В 1945 году Степана Апресяна вернули в Москву.
К концу войны и сразу после нее усилия разведаппарата в Соединенных Штатах
были сосредоточены на атомных делах, и эта работа увенчалась грандиозным
успехом. Советские ученые, занятые созданием ядерного взрывного устройства,
получили доступ к результатам американских исследований, что позволило в
кратчайшие сроки обзавестить собственной бомбой.
Один из бывших советских разведчиков рассказывал мне, что во время войны и в
первые послевоенные годы они свободно заходили в американское военное
министерство и, если хозяина кабинета не было на месте, открывали его
письменный стол и преспокойно изучали любые бумаги. Советских офицеров везде
встречали как союзников и друзей.
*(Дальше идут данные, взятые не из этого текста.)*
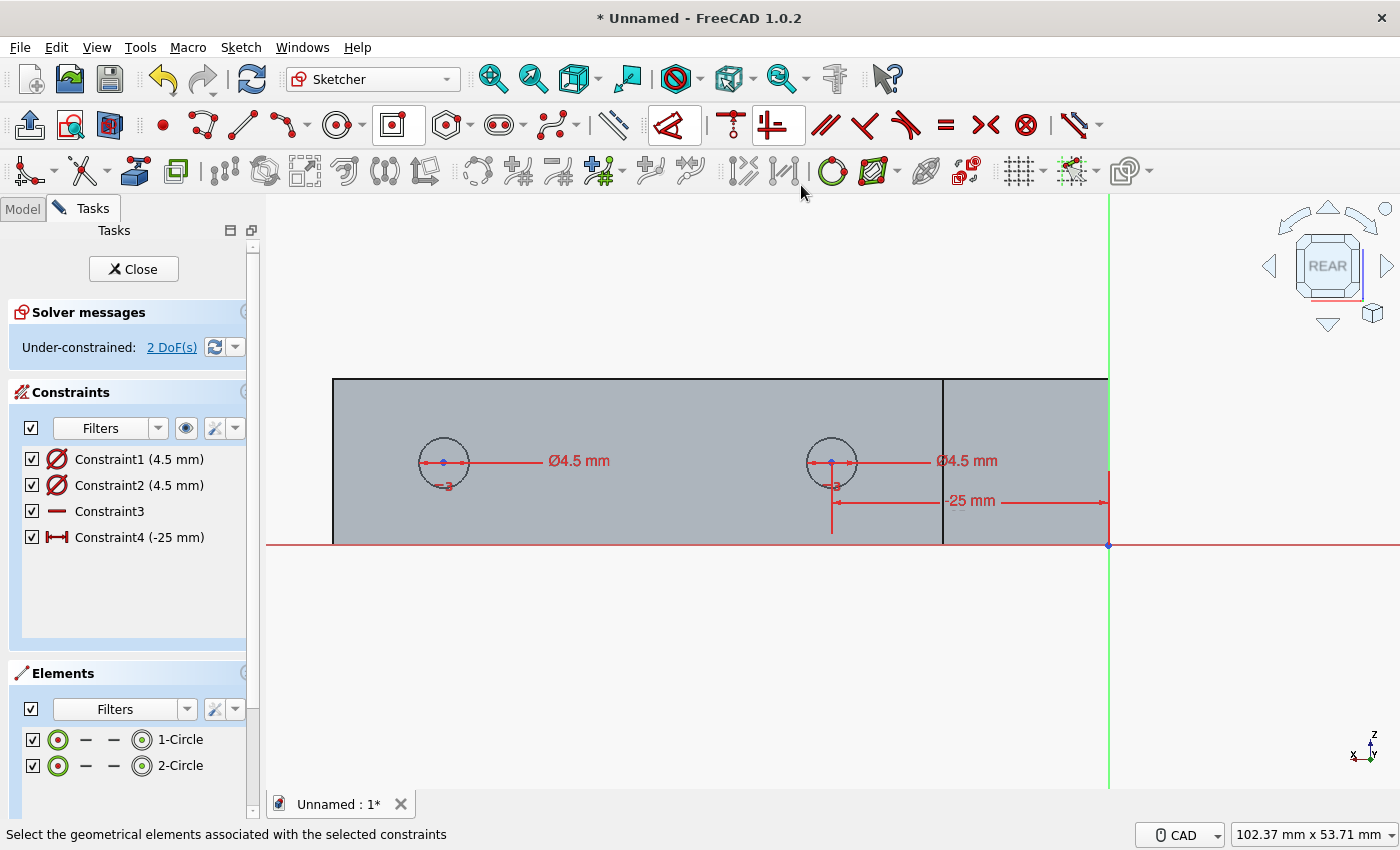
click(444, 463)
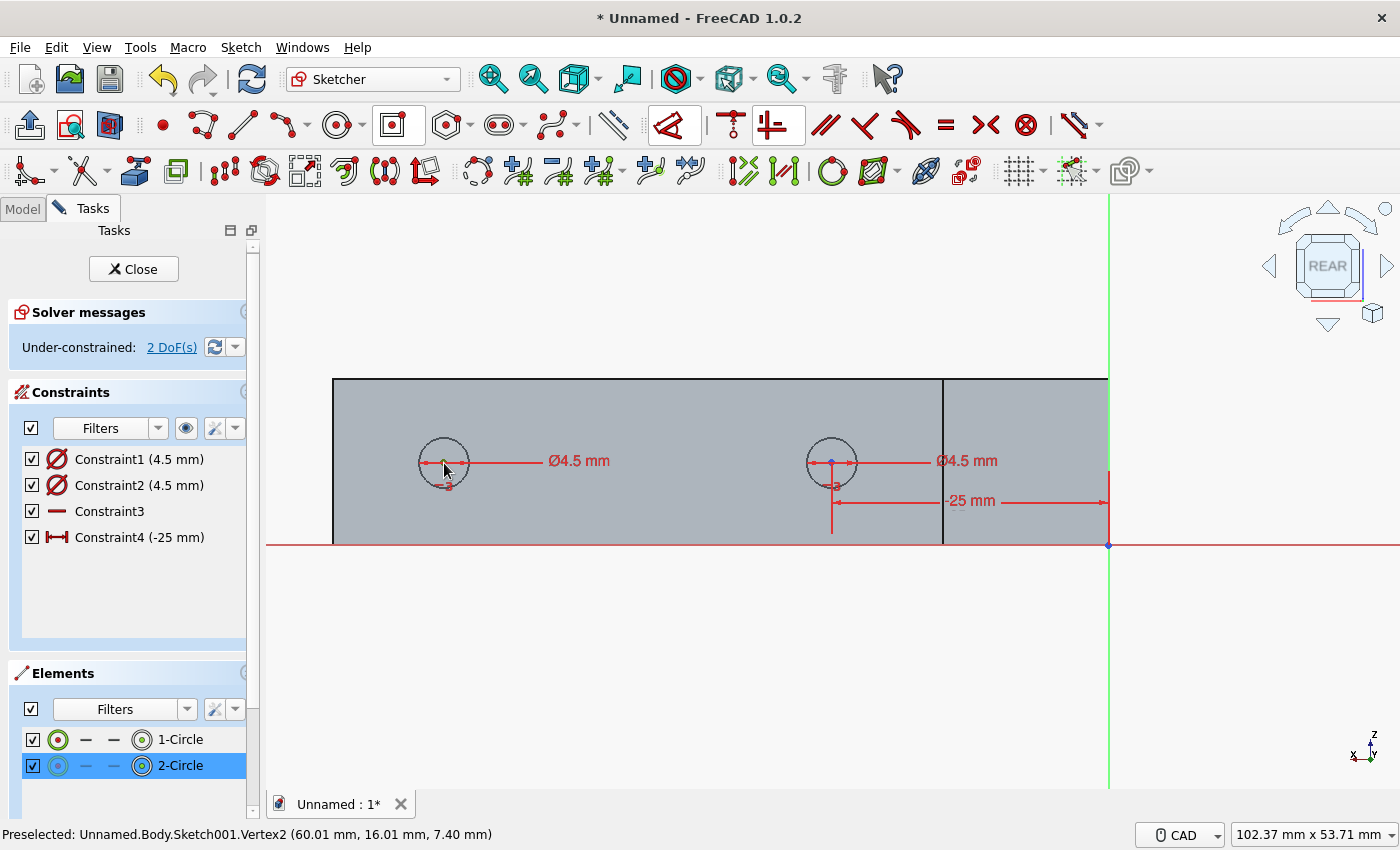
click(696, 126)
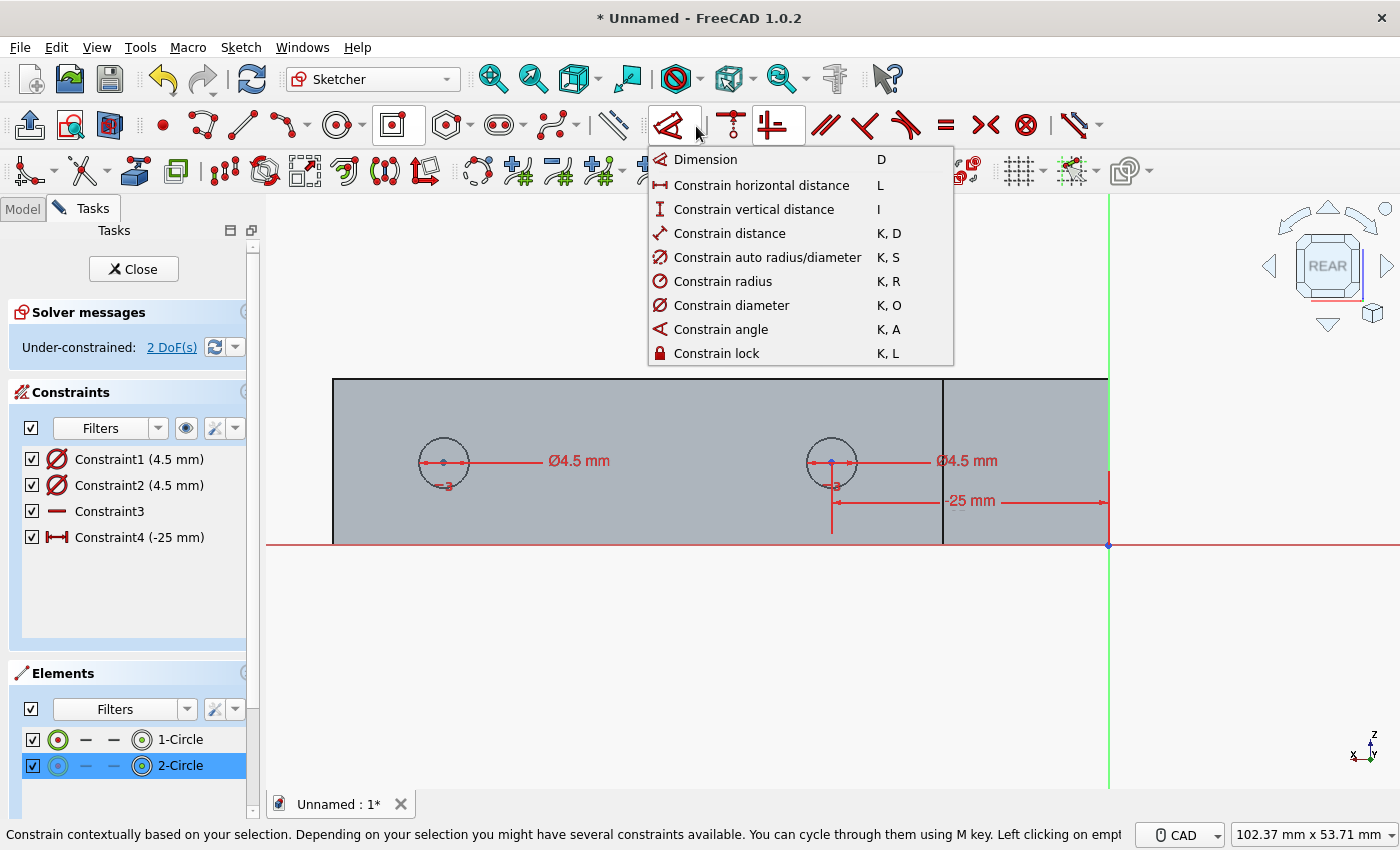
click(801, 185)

А они с самого начала убедили себя в том, что
Соединенные Штаты и Англия — откровенные и опасные враги, а вовсе не союзники в
общей борьбе.
Перелом наступил после того, как 5 сентября 1945 года бежал шифровальщик
посольства СССР в Канаде лейтенант Игорь Сергеевич Гузенко. Он был сотрудником
военной разведки, долго готовился к побегу и передал канадской полиции много
секретных материалов. Канадцы были потрясены тем, что СССР шпионил за своими
союзниками.
Первым о масштабах деятельности советской разведки намеревался рассказать
полковник Константин Волков, который в Турции работал под крышей вице-консула.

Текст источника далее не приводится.